3,974 bytes added, 13:53, 12 August 2014
Created page with "= Introduction = Ancestry can infer ancestry using sequence reads in the Principal Component (PC) space. It is suited for targeted/exome sequencing or whole genome sequenci..."
= Introduction =

Ancestry can infer ancestry using sequence reads in the Principal Component (PC) space.
It is suited for targeted/exome sequencing or whole genome sequencing experiments.
Ancestry is implemented in C++ for fast computations.

= Download =

To get a copy of the software, please contact: zhanxw@umich.edu .

For CSG users, the binary executable is located at: /net/fantasia/home/zhanxw/spa/cpp/executable/ancestrySeq

We plan to open source this program shortly.

= Command Line Options =

== Input sequence data(--inSeq) ==

Sequence data (BAM files) need to be preprocessed in .seq format. This procedure is described [http://genome.sph.umich.edu/wiki/LASER#Seq_file here].

Seq file is generated from pileup files. It contains sequencing information and organize it in a LASER readable format.
The first two columns represent population id and individual id.
Subsequent columns are total read depths and reference base counts.
For example, column 3 and 4 are 0, 0 in the following example. That means at first marker, the sequence read depth is 0 and thus none of the reads has reference base.
We enforce tab delimiters between markers and space delimiters between each read depths and reference base counts.
On line of seq file looks like below:

NA12878.chrom22 NA12878.chrom22 0 0 0 0 0 0 0 0 0


== Input pileup sites (--inSite) ==

Site file is equivalent to BED file and it is used here to represent marker positions.
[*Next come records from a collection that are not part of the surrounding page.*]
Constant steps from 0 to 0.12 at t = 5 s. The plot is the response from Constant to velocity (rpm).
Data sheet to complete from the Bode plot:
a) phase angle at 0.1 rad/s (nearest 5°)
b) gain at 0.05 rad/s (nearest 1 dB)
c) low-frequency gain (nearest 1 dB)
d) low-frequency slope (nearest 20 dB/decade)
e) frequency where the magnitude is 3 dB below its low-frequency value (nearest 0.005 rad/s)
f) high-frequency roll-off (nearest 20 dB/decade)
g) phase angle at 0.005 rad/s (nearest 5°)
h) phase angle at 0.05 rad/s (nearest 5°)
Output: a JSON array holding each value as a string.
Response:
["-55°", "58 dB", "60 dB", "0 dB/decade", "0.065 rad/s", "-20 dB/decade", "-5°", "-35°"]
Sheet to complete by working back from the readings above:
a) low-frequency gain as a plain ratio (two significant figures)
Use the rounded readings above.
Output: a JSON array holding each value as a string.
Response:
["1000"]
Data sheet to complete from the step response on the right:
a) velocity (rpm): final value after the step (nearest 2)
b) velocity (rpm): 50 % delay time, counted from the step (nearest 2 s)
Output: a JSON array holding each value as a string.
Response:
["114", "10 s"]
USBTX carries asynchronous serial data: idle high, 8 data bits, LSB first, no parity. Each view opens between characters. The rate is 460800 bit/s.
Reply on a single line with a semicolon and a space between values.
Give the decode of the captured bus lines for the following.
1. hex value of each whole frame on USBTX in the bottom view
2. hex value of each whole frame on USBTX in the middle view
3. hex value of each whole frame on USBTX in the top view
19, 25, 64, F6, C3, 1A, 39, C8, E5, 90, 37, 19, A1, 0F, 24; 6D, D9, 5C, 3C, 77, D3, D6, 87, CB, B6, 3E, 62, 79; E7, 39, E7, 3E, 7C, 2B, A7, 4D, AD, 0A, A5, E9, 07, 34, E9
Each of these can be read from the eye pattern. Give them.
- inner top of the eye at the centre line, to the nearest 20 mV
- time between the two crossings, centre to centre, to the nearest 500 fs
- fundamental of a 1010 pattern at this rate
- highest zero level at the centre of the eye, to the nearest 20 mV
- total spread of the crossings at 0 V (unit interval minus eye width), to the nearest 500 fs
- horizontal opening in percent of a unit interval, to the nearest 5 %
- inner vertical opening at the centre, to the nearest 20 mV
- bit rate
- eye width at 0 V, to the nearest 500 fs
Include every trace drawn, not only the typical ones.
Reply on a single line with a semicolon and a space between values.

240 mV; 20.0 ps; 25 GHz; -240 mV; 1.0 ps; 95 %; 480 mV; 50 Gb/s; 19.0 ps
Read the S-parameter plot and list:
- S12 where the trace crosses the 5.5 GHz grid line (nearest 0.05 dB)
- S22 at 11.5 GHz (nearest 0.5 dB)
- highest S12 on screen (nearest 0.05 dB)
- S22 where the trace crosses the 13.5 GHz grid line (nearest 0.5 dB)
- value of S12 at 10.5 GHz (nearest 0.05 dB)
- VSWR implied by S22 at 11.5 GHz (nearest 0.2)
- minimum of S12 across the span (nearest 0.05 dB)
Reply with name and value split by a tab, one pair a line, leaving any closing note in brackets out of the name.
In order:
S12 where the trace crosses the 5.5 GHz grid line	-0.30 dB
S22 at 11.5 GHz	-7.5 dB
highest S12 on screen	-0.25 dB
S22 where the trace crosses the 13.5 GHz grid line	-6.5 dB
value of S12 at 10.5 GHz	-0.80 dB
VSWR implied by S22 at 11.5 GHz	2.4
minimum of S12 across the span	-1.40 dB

The preprocessing procedure is described [http://genome.sph.umich.edu/wiki/LASER#Site_file here].

An example site file looks like below:

CHR POS ID REF ALT
1 752566 rs3094315 G A
1 768448 rs12562034 G A
1 1005806 rs3934834 C T
1 1018704 rs9442372 A G
1 1021415 rs3737728 A G

The site file has header line, and it contains chromosome, position(1-based), id (usually marker name), ref (reference allele) and alt (alternative allele).

== Input parameter (--inModel) ==

This parameter specifies the SNP gradients and offsets. It is the output of program [http://genetics.cs.ucla.edu/spa/ spa]


== Output prefix (--out) ==

The parameter specifies the output prefix.
The main results will be stored in ''PREFIX''.loc file.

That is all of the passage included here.